KabarBaik.co, Jakarta- Dari lingkar pasukan elite Kopassus, menjadi ajudan Presiden RI ke-7 Joko Widodo, memimpin Kopassus, hingga menyandang tiga bintang di pundak. Karier Letjen TNI Widi Prasetijono pernah berada di salah satu titik tertinggi dalam hierarki TNI Angkatan Darat.

Kini, jenderal bintang tiga tersebut harus berhadapan dengan majelis hakim sebagai terdakwa perkara dugaan korupsi dan gratifikasi pengadaan lahan Badan Usaha Milik Daerah (BUMD Kabupaten Cilacap senilai Rp 237 miliar.

Mantan Pangdam IV/Diponegoro itu mulai duduk di kursi terdakwa Pengadilan Militer Tinggi II Jakarta pada 27 Juli 2026. Dia diadili melalui mekanisme koneksitas, bersama tiga terdakwa lain. Yakni, mantan Asisten Perencanaan Kodam IV/Diponegoro Kolonel Inf Wisnu Kurniawan, mantan Kepala Hukum Kodam IV/Diponegoro Kolonel Chk Sjaiful Nursaid, serta mantan Direktur PT Rumpun Sari Antan, Suko Madyo Susilo.

Perkara itu menjadi babak paling kontras dalam perjalanan karier Widi. Sebab, sebelum namanya masuk ke berkas perkara, dia dikenal sebagai salah seorang perwira yang kariernya menanjak melalui jalur pasukan elite, teritorial, hingga lingkar Istana.

Widi merupakan lulusan Akademi Militer (Akmil) 1993 dari kecabangan Infanteri. Dia cukup lama berkarier di Kopassus, antara lain sebagai perwira di Grup 2 dan Grup 1 Kopassus. Kemudian dipercaya menjadi Danyonif 400/Raider dan masuk ke jalur teritorial. Pada 2011–2012, Widi menjabat Dandim 0735/Surakarta.

Jabatan di Solo itu memiliki arti tersendiri dalam perjalanan kariernya. Ketika Widi menjadi Dandim, Joko Widodo masih menjabat Wali Kota Surakarta.

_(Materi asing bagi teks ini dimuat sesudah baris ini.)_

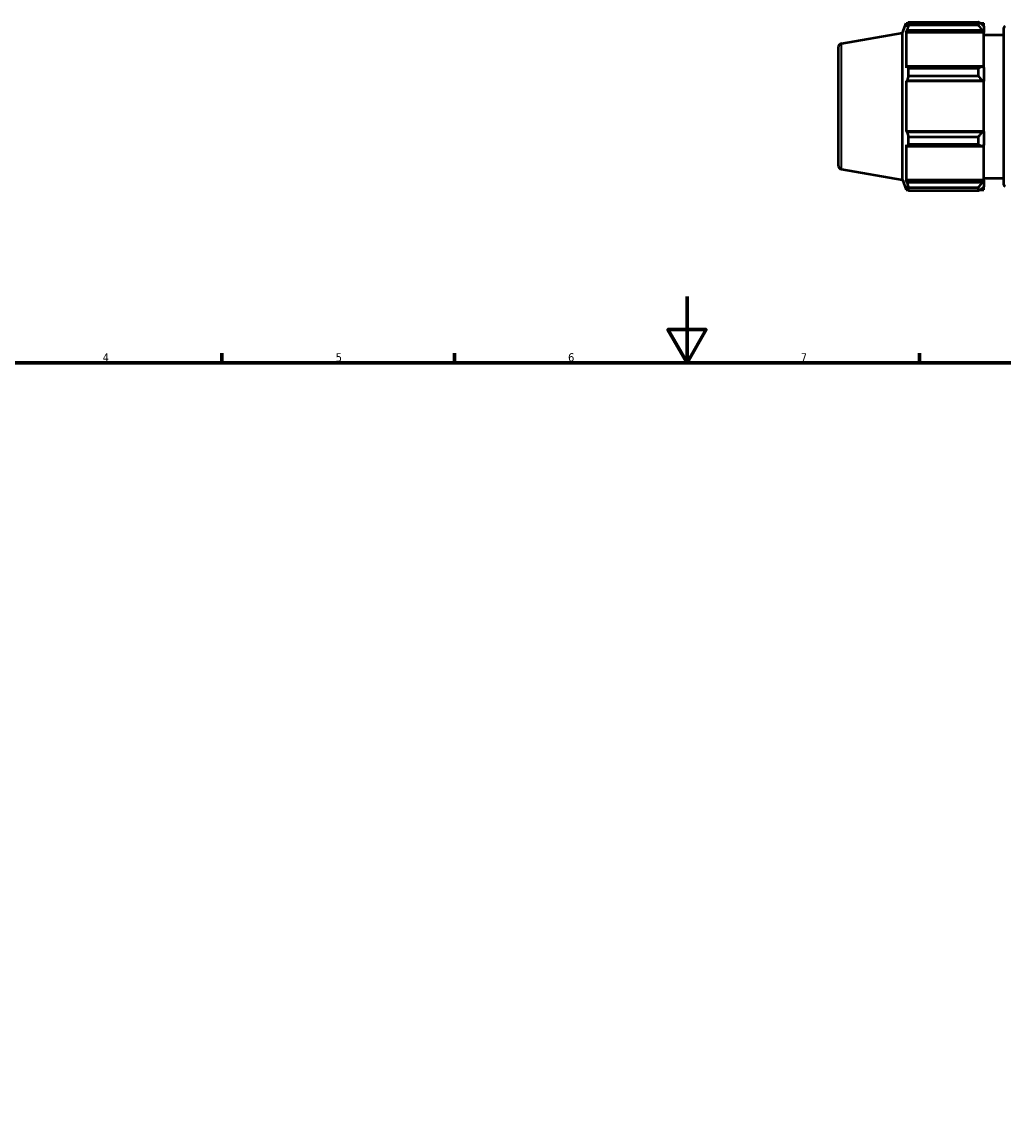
# Model space of a CAD drawing. Header units: millimetres. Extents: x -328 to 1165, y -16 to 810.
# Tile 6 of 9: x 220 to 516, y 344 to 677. Entities that reach past the tile are written whole.
import ezdxf

# ---------------------------------------------------------------- set-up
doc = ezdxf.new("R2010")
doc.units = ezdxf.units.MM
for name, color, linetype, lineweight in [('Border (ISO)', 7, 'Continuous', 70), ('Visible (ISO)', 7, 'Continuous', 50), ('Visible Narrow (ISO)', 7, 'Continuous', 35)]:
    doc.layers.add(name, color=color, linetype=linetype, lineweight=lineweight)
doc.styles.add('Note Text (ISO)', font='tahoma.ttf')

# ---------------------------------------------------------------- blocks, each defined once
blk = doc.blocks.new('Borders Default Border')
at = {"layer": 'Border (ISO)'}
for p, q in [((280.33, 574), (280.33, 576.9)), ((350.42, 574), (350.42, 576.9)), ((490.58, 574), (490.58, 576.9))]:
    blk.add_line(p, q, dxfattribs=at)
at = {"layer": 'Border (ISO)', "flags": 128}
for points in [[(420.5, 594), (420.5, 574), (414.73, 584), (426.27, 584), (420.5, 574)], [(20, 20), (20, 574), (821, 574), (821, 20), (20, 20)]]:
    blk.add_lwpolyline(points, dxfattribs=at)
at = {"layer": 'Border (ISO)', "color": 232, "true_color": 0xca0064, "char_height": 2.5, "attachment_point": 7, "style": 'Note Text (ISO)'}
for s, insert in [('4', (244.42, 574.4)), ('5', (314.64, 574.35)), ('6', (384.66, 574.35)), ('7', (454.77, 574.4))]:
    blk.add_mtext(s, dxfattribs=dict(at, insert=insert))

msp = doc.modelspace()

# ---------------------------------------------------------------- linework, layer by layer
at = {"layer": 'Visible (ISO)'}
for p, q in [((485.46, 673.467), (486.528, 676.402)), ((486.528, 676.402), (486.528, 675.239)), ((486.528, 676.402), (487.044, 676.402)), ((486.823, 676.012), (486.528, 675.239)), ((487.216, 675.72), (487.216, 676.697)), ((487.216, 676.697), (508.32, 676.697)), ((508.32, 675.72), (487.216, 675.72)), ((508.32, 675.72), (508.32, 676.697)), ((508.79, 676.402), (509.94, 676.402)), ((509.94, 675.497), (509.4, 676.012)), ((509.94, 675.497), (509.94, 676.402)), ((509.94, 675.497), (509.94, 673.804)), ((467.064, 670.224), (485.46, 673.467)), ((485.46, 629.116), (485.46, 673.467)), ((486.528, 673.564), (486.823, 674.283)), ((509.94, 673.564), (486.528, 673.564)), ((486.528, 673.564), (486.528, 662.886)), ((486.823, 674.283), (509.4, 674.283)), ((509.4, 674.283), (509.94, 673.804)), ((509.94, 673.804), (509.94, 673.564)), ((509.94, 663.011), (509.94, 673.564)), ((509.94, 672.892), (516.006, 672.892)), ((516.006, 627.607), (516.006, 674.976)), ((466.031, 668.993), (466.031, 633.59)), ((486.823, 663.26), (486.528, 662.886)), ((509.4, 663.26), (486.823, 663.26)), ((487.216, 660.434), (487.216, 662.791)), ((487.216, 662.791), (508.32, 662.791)), ((508.32, 660.434), (508.32, 662.791)), ((509.94, 663.011), (509.4, 663.26)), ((509.94, 663.011), (509.94, 658.923)), ((486.528, 658.842), (486.823, 659.086)), ((509.94, 658.842), (486.528, 658.842)), ((486.528, 658.842), (486.528, 643.741)), ((486.823, 659.086), (509.4, 659.086)), ((508.32, 660.434), (487.216, 660.434)), ((509.4, 659.086), (509.94, 658.923)), ((509.94, 658.923), (509.94, 658.842)), ((509.94, 643.741), (509.94, 658.842)), ((486.823, 643.497), (486.528, 643.741)), ((509.94, 643.741), (486.528, 643.741)), ((509.4, 643.497), (486.823, 643.497)), ((487.216, 639.792), (487.216, 642.149)), ((487.216, 642.149), (508.32, 642.149)), ((508.32, 639.792), (508.32, 642.149)), ((509.94, 643.66), (509.4, 643.497)), ((509.94, 643.741), (509.94, 643.66)), ((509.94, 643.66), (509.94, 639.572)), ((486.528, 639.697), (486.823, 639.323)), ((486.528, 639.697), (486.528, 629.019)), ((486.823, 639.323), (509.4, 639.323)), ((508.32, 639.792), (487.216, 639.792)), ((509.4, 639.323), (509.94, 639.572)), ((509.94, 629.019), (509.94, 639.572)), ((467.064, 632.359), (485.46, 629.116)), ((485.46, 629.116), (486.528, 626.182)), ((486.823, 628.3), (486.528, 629.019)), ((509.94, 629.019), (486.528, 629.019)), ((509.94, 628.779), (509.4, 628.3)), ((509.94, 629.692), (516.006, 629.692)), ((509.94, 629.019), (509.94, 628.779)), ((509.94, 628.779), (509.94, 627.086)), ((486.528, 627.344), (486.823, 626.571)), ((486.528, 627.344), (486.528, 626.182)), ((486.528, 626.182), (487.044, 626.182)), ((509.4, 628.3), (486.823, 628.3)), ((487.216, 625.886), (487.216, 626.863)), ((487.216, 626.863), (508.32, 626.863)), ((508.32, 625.886), (487.216, 625.886)), ((508.32, 625.886), (508.32, 626.863)), ((508.79, 626.182), (509.94, 626.182)), ((509.4, 626.571), (509.94, 627.086)), ((509.94, 626.182), (509.94, 627.086))]:
    msp.add_line(p, q, dxfattribs=at)
for centre, radius, start, end in [((516.506, 674.976), 0.5, 102.9378, 180), ((467.281, 668.993), 1.25, 100, 180), ((467.281, 633.59), 1.25, 180, 260), ((516.506, 627.607), 0.5, 180, 257.0622)]:
    msp.add_arc(centre, radius, start, end, dxfattribs=at)
for points, weights in [([(486.823, 676.012), (487.011, 676.347), (487.216, 676.697)], [1.00354464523, 1.00217989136, 1]), ([(487.216, 675.72), (487.011, 674.987), (486.823, 674.283)], [1, 1.00217989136, 1.00354464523]), ([(509.4, 676.012), (508.881, 676.347), (508.32, 676.697)], [1.00565642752, 1.01079942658, 1.01513936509]), ([(508.32, 675.72), (508.881, 674.987), (509.4, 674.283)], [1.01513936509, 1.01079942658, 1.00565642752]), ([(486.823, 663.26), (487.011, 663.03), (487.216, 662.791)], [1.00354464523, 1.00217989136, 1]), ([(509.4, 663.26), (508.881, 663.03), (508.32, 662.791)], [1.00565642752, 1.01079942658, 1.01513936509]), ([(487.216, 660.434), (487.011, 659.746), (486.823, 659.086)], [1, 1.00217989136, 1.00354464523]), ([(508.32, 660.434), (508.881, 659.746), (509.4, 659.086)], [1.01513936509, 1.01079942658, 1.00565642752]), ([(486.823, 643.497), (487.011, 642.837), (487.216, 642.149)], [1.00354464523, 1.00217989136, 1]), ([(509.4, 643.497), (508.881, 642.837), (508.32, 642.149)], [1.00565642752, 1.01079942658, 1.01513936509]), ([(487.216, 639.792), (487.011, 639.553), (486.823, 639.323)], [1, 1.00217989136, 1.00354464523]), ([(508.32, 639.792), (508.881, 639.553), (509.4, 639.323)], [1.01513936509, 1.01079942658, 1.00565642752]), ([(486.823, 628.3), (487.011, 627.596), (487.216, 626.863)], [1.00354464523, 1.00217989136, 1]), ([(487.216, 625.886), (487.011, 626.236), (486.823, 626.571)], [1, 1.00217989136, 1.00354464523]), ([(509.4, 628.3), (508.881, 627.596), (508.32, 626.863)], [1.00565642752, 1.01079942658, 1.01513936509]), ([(508.32, 625.886), (508.881, 626.236), (509.4, 626.571)], [1.01513936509, 1.01079942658, 1.00565642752])]:
    msp.add_rational_spline(points, weights, degree=2, dxfattribs=at)
at = {"layer": 'Visible Narrow (ISO)'}
msp.add_line((467.064, 632.592), (467.064, 669.991), dxfattribs=at)

# ---------------------------------------------------------------- block references
msp.add_blockref('Borders Default Border', (0, 0))

doc.saveas('drawing.dxf')
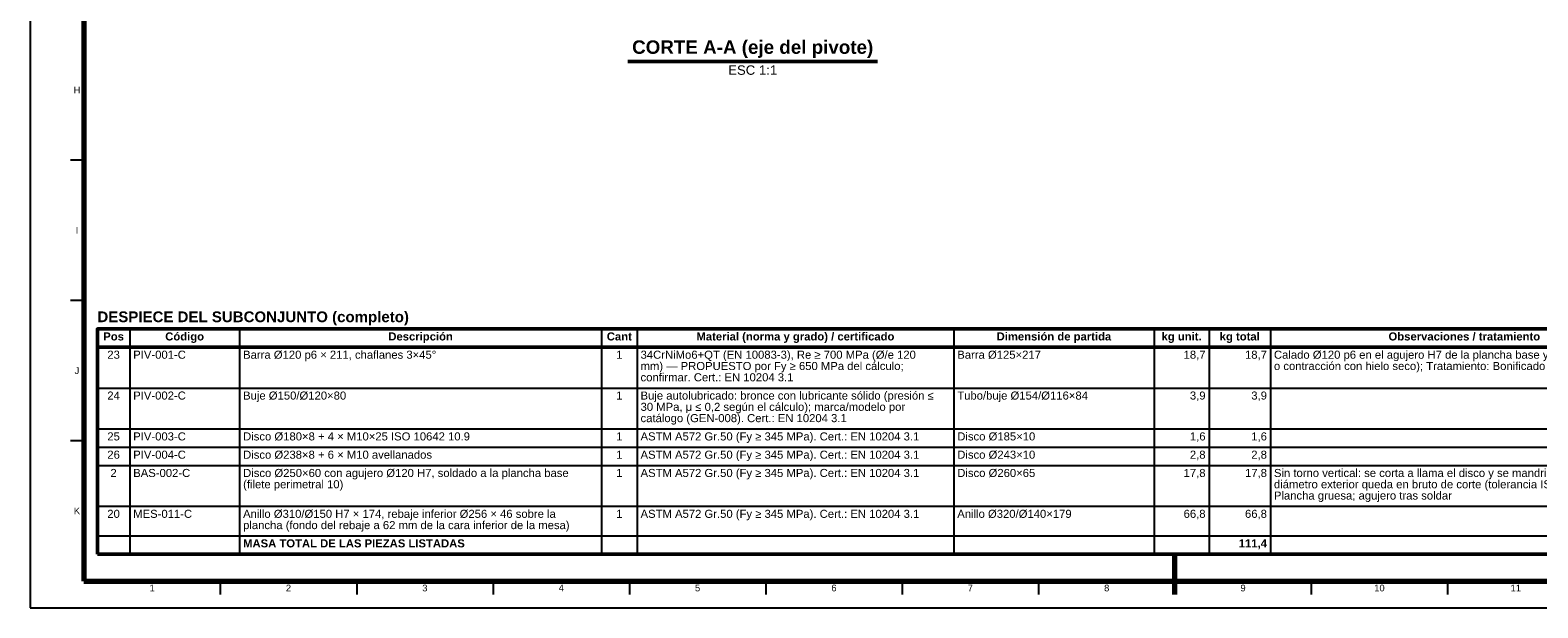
# Model space of a CAD drawing. Header units: millimetres. Extents: x 0 to 841, y 0 to 594.
# Tile 1 of 10: x 0 to 560, y 0 to 215. Entities that reach past the tile are written whole.
import ezdxf
from ezdxf.enums import TextEntityAlignment as Align

# ---------------------------------------------------------------- set-up
doc = ezdxf.new("R2010")
doc.units = ezdxf.units.MM
for name, color, linetype, lineweight in [('FINA', 7, 'CONTINUOUS', 25), ('MARCO', 7, 'CONTINUOUS', 70), ('TXT', 7, 'CONTINUOUS', 25), ('VIS', 7, 'CONTINUOUS', 50)]:
    doc.layers.add(name, color=color, linetype=linetype, lineweight=lineweight)
doc.styles.add('STD', font='LiberationSans-Regular.ttf')
doc.styles.add('STDB', font='LiberationSans-Bold.ttf')

msp = doc.modelspace()

# ---------------------------------------------------------------- linework, layer by layer
at = {"layer": 'FINA'}
for p, q in [((20, 166.55), (15, 166.55)), ((20, 114.36), (15, 114.36)), ((37.01, 103.8), (37.01, 20)), ((77.85, 103.8), (77.85, 20)), ((212.38, 103.8), (212.38, 20)), ((225.59, 103.8), (225.59, 20)), ((343.31, 103.8), (343.31, 20)), ((417.78, 103.8), (417.78, 20)), ((438.2, 103.8), (438.2, 20)), ((461.02, 103.8), (461.02, 20)), ((25, 97), (646, 97)), ((25, 81.8), (646, 81.8)), ((20, 62.18), (15, 62.18)), ((25, 66.6), (646, 66.6)), ((25, 59.8), (646, 59.8)), ((25, 53), (646, 53)), ((25, 37.8), (646, 37.8)), ((25, 26.8), (646, 26.8)), ((70.69, 10), (70.69, 5)), ((121.38, 10), (121.38, 5)), ((172.06, 10), (172.06, 5)), ((222.75, 10), (222.75, 5)), ((273.44, 10), (273.44, 5)), ((324.12, 10), (324.12, 5)), ((374.81, 10), (374.81, 5)), ((425.5, 10), (425.5, 5)), ((476.19, 10), (476.19, 5)), ((526.88, 10), (526.88, 5))]:
    msp.add_line(p, q, dxfattribs=at)
msp.add_lwpolyline([(0, 0), (841, 0), (841, 594), (0, 594)], close=True, dxfattribs=at)
at = {"layer": 'MARCO'}
msp.add_line((425.5, 5), (425.5, 20), dxfattribs=at)
msp.add_lwpolyline([(20, 10), (831, 10), (831, 584), (20, 584)], close=True, dxfattribs=at)
at = {"layer": 'VIS'}
for p, q in [((222.2, 203.25), (314.93, 203.25)), ((25, 103.8), (25, 20)), ((25, 20), (646, 20))]:
    msp.add_line(p, q, dxfattribs=at)
msp.add_lwpolyline([(25, 97), (646, 97), (646, 103.8), (25, 103.8)], close=True, dxfattribs=at)

# ---------------------------------------------------------------- texts
at = {"layer": 'TXT', "style": 'STDB'}
msp.add_text('CORTE A-A (eje del pivote)', height=5, dxfattribs=at).set_placement((268.57, 204.65), align=Align.BOTTOM_CENTER)
at = {"layer": 'TXT', "style": 'STD'}
msp.add_text('ESC 1:1', height=3.5, dxfattribs=at).set_placement((268.57, 201.85), align=Align.TOP_CENTER)
at = {"layer": 'TXT'}
for s, height, style, p in [('H', 2.5, 'STD', (17.4, 192.64)), ('I', 2.5, 'STD', (17.4, 140.45)), ('Pos', 3, 'STDB', (31.01, 101)), ('Código', 3, 'STDB', (57.43, 101)), ('Descripción', 3, 'STDB', (145.12, 101)), ('Cant', 3, 'STDB', (218.99, 101)), ('Material (norma y grado) / certificado', 3, 'STDB', (284.45, 101)), ('Dimensión de partida', 3, 'STDB', (380.54, 101)), ('kg unit.', 3, 'STDB', (427.99, 101)), ('kg total', 3, 'STDB', (449.61, 101)), ('Observaciones / tratamiento', 3, 'STDB', (533.09, 101)), ('23', 3, 'STD', (31.01, 94.2)), ('1', 3, 'STD', (218.99, 94.2)), ('J', 2.5, 'STD', (17.4, 88.27)), ('24', 3, 'STD', (31.01, 79)), ('1', 3, 'STD', (218.99, 79)), ('25', 3, 'STD', (31.01, 63.8)), ('1', 3, 'STD', (218.99, 63.8)), ('26', 3, 'STD', (31.01, 57)), ('1', 3, 'STD', (218.99, 57)), ('2', 3, 'STD', (31.01, 50.2)), ('1', 3, 'STD', (218.99, 50.2)), ('K', 2.5, 'STD', (17.4, 36.09)), ('20', 3, 'STD', (31.01, 35)), ('1', 3, 'STD', (218.99, 35)), ('1', 2.5, 'STD', (45.34, 7.4)), ('2', 2.5, 'STD', (96.03, 7.4)), ('3', 2.5, 'STD', (146.72, 7.4)), ('4', 2.5, 'STD', (197.41, 7.4)), ('5', 2.5, 'STD', (248.09, 7.4)), ('6', 2.5, 'STD', (298.78, 7.4)), ('7', 2.5, 'STD', (349.47, 7.4)), ('8', 2.5, 'STD', (400.16, 7.4)), ('9', 2.5, 'STD', (450.84, 7.4)), ('10', 2.5, 'STD', (501.53, 7.4)), ('11', 2.5, 'STD', (552.22, 7.4))]:
    msp.add_text(s, height=height, dxfattribs=dict(at, style=style)).set_placement(p, align=Align.MIDDLE_CENTER)
at = {"layer": 'TXT', "style": 'STDB'}
msp.add_text('DESPIECE DEL SUBCONJUNTO (completo)', height=4, dxfattribs=at).set_placement((25, 110.3), align=Align.TOP_LEFT)
at = {"layer": 'TXT'}
for s, style, p in [('PIV-001-C', 'STD', (38.31, 94.2)), ('Barra Ø120 p6 × 211, chaflanes 3×45°', 'STD', (79.15, 94.2)), ('34CrNiMo6+QT (EN 10083-3), Re ≥ 700 MPa (Ø/e 120', 'STD', (226.89, 94.2)), ('Barra Ø125×217', 'STD', (344.61, 94.2)), ('Calado Ø120 p6 en el agujero H7 de la plancha base y el collar (prensa', 'STD', (462.32, 94.2)), ('mm) — PROPUESTO por Fy ≥ 650 MPa del cálculo;', 'STD', (226.89, 90)), ('o contracción con hielo seco); Tratamiento: Bonificado (QT)', 'STD', (462.32, 90)), ('confirmar. Cert.: EN 10204 3.1', 'STD', (226.89, 85.8)), ('PIV-002-C', 'STD', (38.31, 79)), ('Buje Ø150/Ø120×80', 'STD', (79.15, 79)), ('Buje autolubricado: bronce con lubricante sólido (presión ≤', 'STD', (226.89, 79)), ('Tubo/buje Ø154/Ø116×84', 'STD', (344.61, 79)), ('30 MPa, μ ≤ 0,2 según el cálculo); marca/modelo por', 'STD', (226.89, 74.8)), ('catálogo (GEN-008). Cert.: EN 10204 3.1', 'STD', (226.89, 70.6)), ('PIV-003-C', 'STD', (38.31, 63.8)), ('Disco Ø180×8 + 4 × M10×25 ISO 10642 10.9', 'STD', (79.15, 63.8)), ('ASTM A572 Gr.50 (Fy ≥ 345 MPa). Cert.: EN 10204 3.1', 'STD', (226.89, 63.8)), ('Disco Ø185×10', 'STD', (344.61, 63.8)), ('PIV-004-C', 'STD', (38.31, 57)), ('Disco Ø238×8 + 6 × M10 avellanados', 'STD', (79.15, 57)), ('ASTM A572 Gr.50 (Fy ≥ 345 MPa). Cert.: EN 10204 3.1', 'STD', (226.89, 57)), ('Disco Ø243×10', 'STD', (344.61, 57)), ('BAS-002-C', 'STD', (38.31, 50.2)), ('Disco Ø250×60 con agujero Ø120 H7, soldado a la plancha base', 'STD', (79.15, 50.2)), ('ASTM A572 Gr.50 (Fy ≥ 345 MPa). Cert.: EN 10204 3.1', 'STD', (226.89, 50.2)), ('Disco Ø260×65', 'STD', (344.61, 50.2)), ('Sin torno vertical: se corta a llama el disco y se mandrina el agujero; el', 'STD', (462.32, 50.2)), ('(filete perimetral 10)', 'STD', (79.15, 46)), ('diámetro exterior queda en bruto de corte (tolerancia ISO 2768-m);', 'STD', (462.32, 46)), ('Plancha gruesa; agujero tras soldar', 'STD', (462.32, 41.8)), ('MES-011-C', 'STD', (38.31, 35)), ('Anillo Ø310/Ø150 H7 × 174, rebaje inferior Ø256 × 46 sobre la', 'STD', (79.15, 35)), ('ASTM A572 Gr.50 (Fy ≥ 345 MPa). Cert.: EN 10204 3.1', 'STD', (226.89, 35)), ('Anillo Ø320/Ø140×179', 'STD', (344.61, 35)), ('plancha (fondo del rebaje a 62 mm de la cara inferior de la mesa)', 'STD', (79.15, 30.8)), ('MASA TOTAL DE LAS PIEZAS LISTADAS', 'STDB', (79.15, 24))]:
    msp.add_text(s, height=3, dxfattribs=dict(at, style=style)).set_placement(p, align=Align.MIDDLE_LEFT)
for s, style, p in [('18,7', 'STD', (436.9, 94.2)), ('18,7', 'STD', (459.72, 94.2)), ('3,9', 'STD', (436.9, 79)), ('3,9', 'STD', (459.72, 79)), ('1,6', 'STD', (436.9, 63.8)), ('1,6', 'STD', (459.72, 63.8)), ('2,8', 'STD', (436.9, 57)), ('2,8', 'STD', (459.72, 57)), ('17,8', 'STD', (436.9, 50.2)), ('17,8', 'STD', (459.72, 50.2)), ('66,8', 'STD', (436.9, 35)), ('66,8', 'STD', (459.72, 35)), ('111,4', 'STDB', (459.72, 24))]:
    msp.add_text(s, height=3, dxfattribs=dict(at, style=style)).set_placement(p, align=Align.MIDDLE_RIGHT)

doc.saveas('drawing.dxf')

Tak lama kemudian, Widi masuk ke lingkar Istana. Dia dipercaya menjadi ajudan Presiden RI ke-7 Joko Widodo pada 2014–2016. Dari Istana, karier Widi terus bergerak.

Widi lalu memimpin Rindam III/Siliwangi, Danrem 074/Warastratama dan Danrem 091/Aji Surya Natakesuma. Setelah menjadi Kasdam IV/Diponegoro, Widi mendapatkan promosi menjadi Danjen Kopassus pada 2022.

Namun, jabatan sebagai orang nomor satu di Kopassus itu berlangsung sangat singkat. Widi hanya sekitar 53 hari menjadi Danjen Kopassus sebelum ditunjuk sebagai Pangdam IV/Diponegoro pada 2022. Kemudian dia dipercaya menduduki jabatan Dankodiklatad pada 2023 dan memasuki jajaran perwira tinggi berpangkat letnan jenderal.

Tetapi pada akhir 2025, karier itu memasuki fase berbeda. Nama Widi mulai masuk ke pusaran perkara lahan Cilacap ketika Kejaksaan Tinggi (Kejati) Jawa Tengah mengembangkan penyidikan dugaan tindak pidana pencucian uang dari perkara korupsi pengadaan lahan BUMD Kabupaten Cilacap.

Pada 1 Desember 2025, Widi diperiksa Kejati Jateng sebagai saksi. Pemanggilan itu merupakan panggilan kedua. Kejati menyebut pemeriksaan berkaitan dengan perkara TPPU pengadaan lahan seluas sekitar 716 hektare oleh PT Cilacap Segara Artha atau PT CSA.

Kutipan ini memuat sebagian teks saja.